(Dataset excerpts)

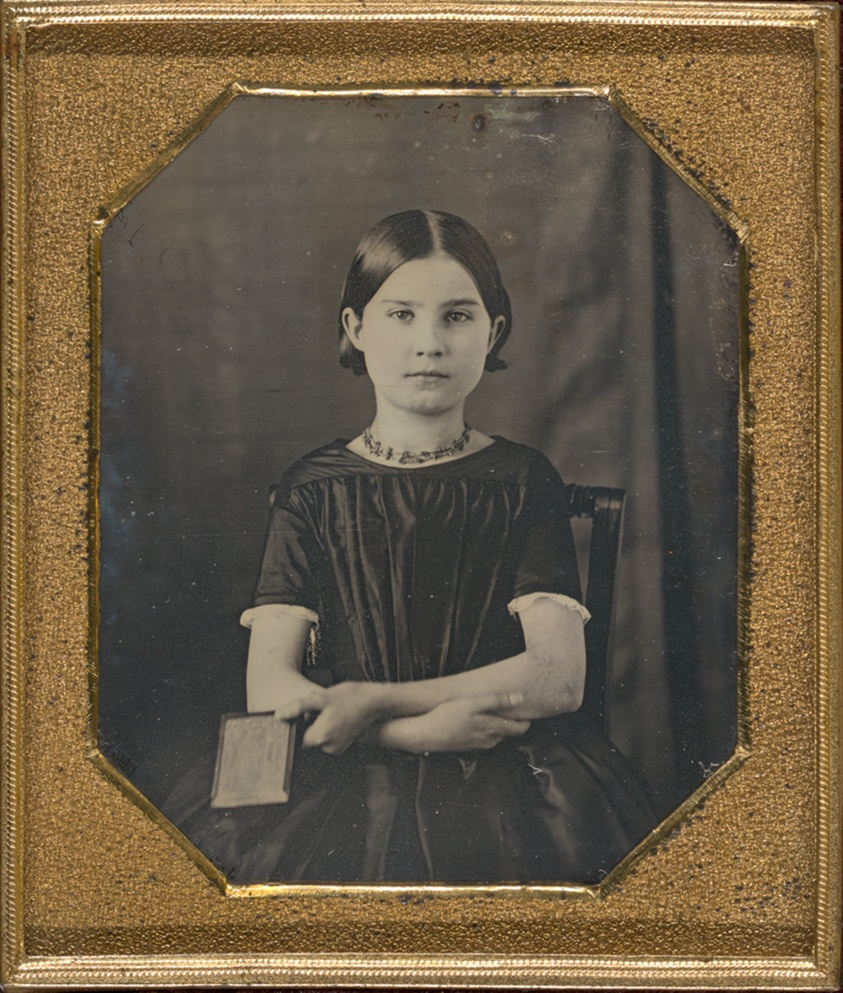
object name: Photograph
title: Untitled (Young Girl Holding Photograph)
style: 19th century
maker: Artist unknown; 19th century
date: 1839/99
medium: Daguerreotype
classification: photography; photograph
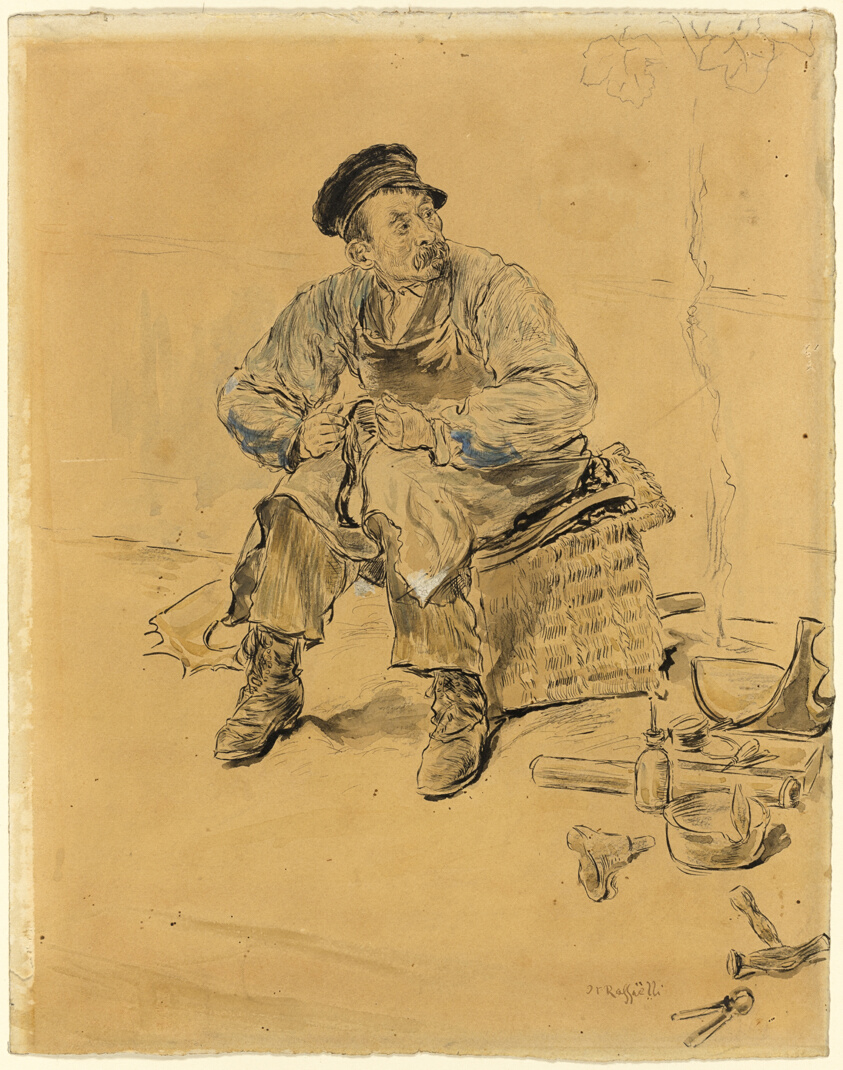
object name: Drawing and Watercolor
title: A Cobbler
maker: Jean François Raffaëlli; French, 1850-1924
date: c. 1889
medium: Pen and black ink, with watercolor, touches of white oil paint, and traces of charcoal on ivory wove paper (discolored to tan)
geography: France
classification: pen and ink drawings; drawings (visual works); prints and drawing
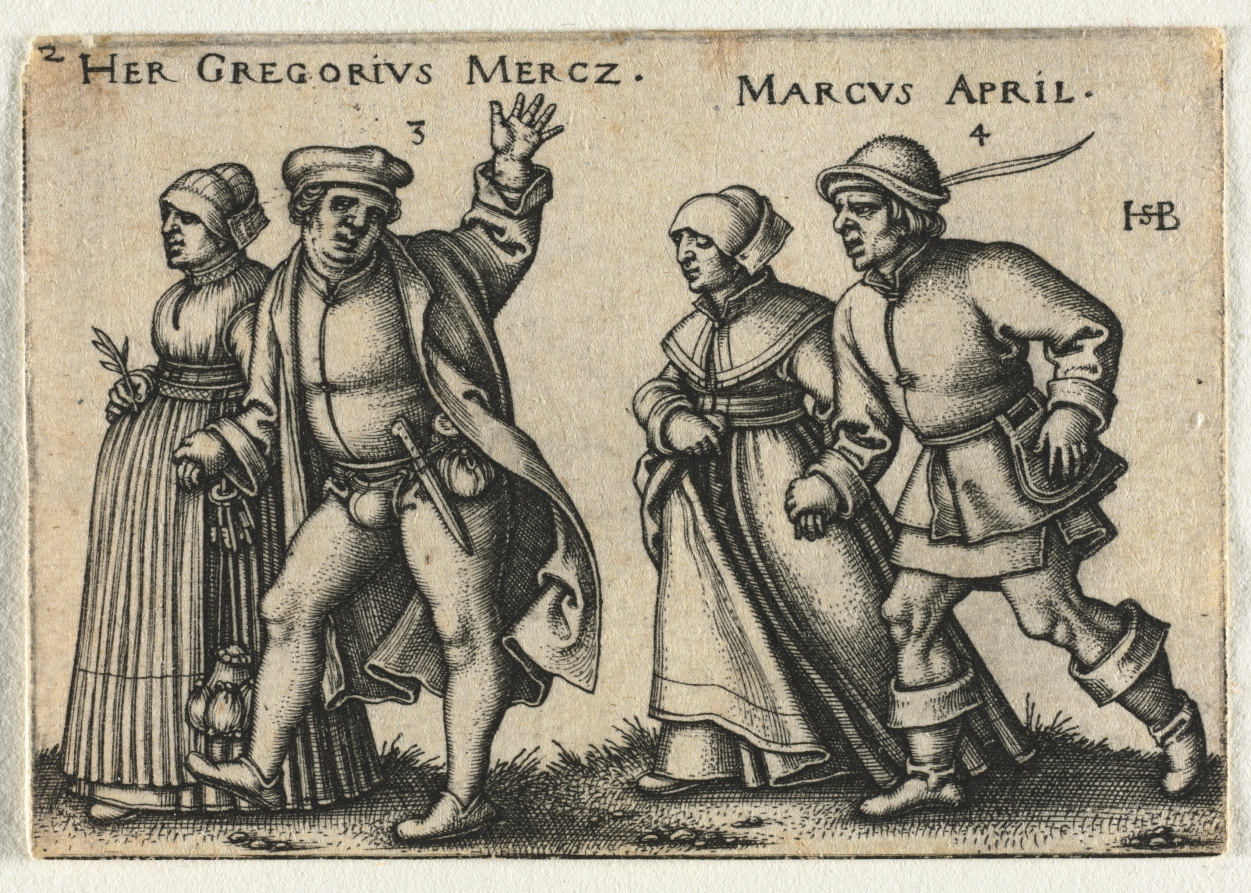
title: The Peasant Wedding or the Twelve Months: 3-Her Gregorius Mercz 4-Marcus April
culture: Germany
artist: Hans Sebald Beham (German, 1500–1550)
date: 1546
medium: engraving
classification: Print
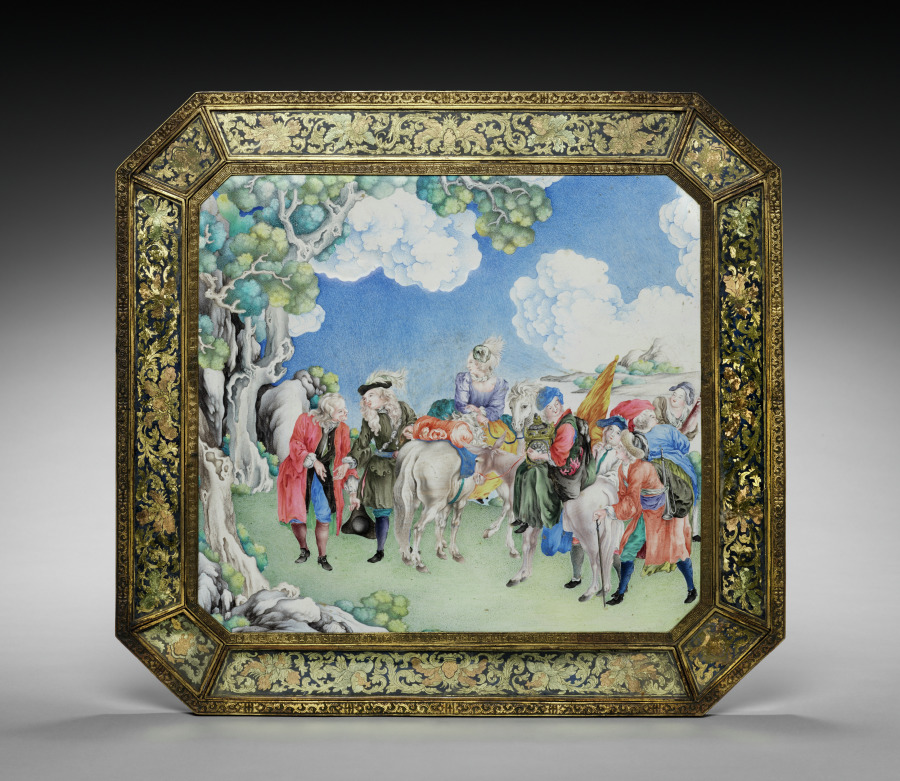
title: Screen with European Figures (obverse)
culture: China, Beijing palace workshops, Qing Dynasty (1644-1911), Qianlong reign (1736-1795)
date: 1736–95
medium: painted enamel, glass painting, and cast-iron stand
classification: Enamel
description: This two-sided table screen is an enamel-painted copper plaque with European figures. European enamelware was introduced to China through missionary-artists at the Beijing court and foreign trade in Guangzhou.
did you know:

WORK ORDER
The records above are to be restated word for word, with every picture left out.

RESPONSE TO THIS EXERCISE
object name: Photograph
title: Untitled (Young Girl Holding Photograph)
style: 19th century
maker: Artist unknown; 19th century
date: 1839/99
medium: Daguerreotype
classification: photography; photograph
object name: Drawing and Watercolor
title: A Cobbler
maker: Jean François Raffaëlli; French, 1850-1924
date: c. 1889
medium: Pen and black ink, with watercolor, touches of white oil paint, and traces of charcoal on ivory wove paper (discolored to tan)
geography: France
classification: pen and ink drawings; drawings (visual works); prints and drawing
title: The Peasant Wedding or the Twelve Months: 3-Her Gregorius Mercz 4-Marcus April
culture: Germany
artist: Hans Sebald Beham (German, 1500–1550)
date: 1546
medium: engraving
classification: Print
title: Screen with European Figures (obverse)
culture: China, Beijing palace workshops, Qing Dynasty (1644-1911), Qianlong reign (1736-1795)
date: 1736–95
medium: painted enamel, glass painting, and cast-iron stand
classification: Enamel
description: This two-sided table screen is an enamel-painted copper plaque with European figures. European enamelware was introduced to China through missionary-artists at the Beijing court and foreign trade in Guangzhou.
did you know:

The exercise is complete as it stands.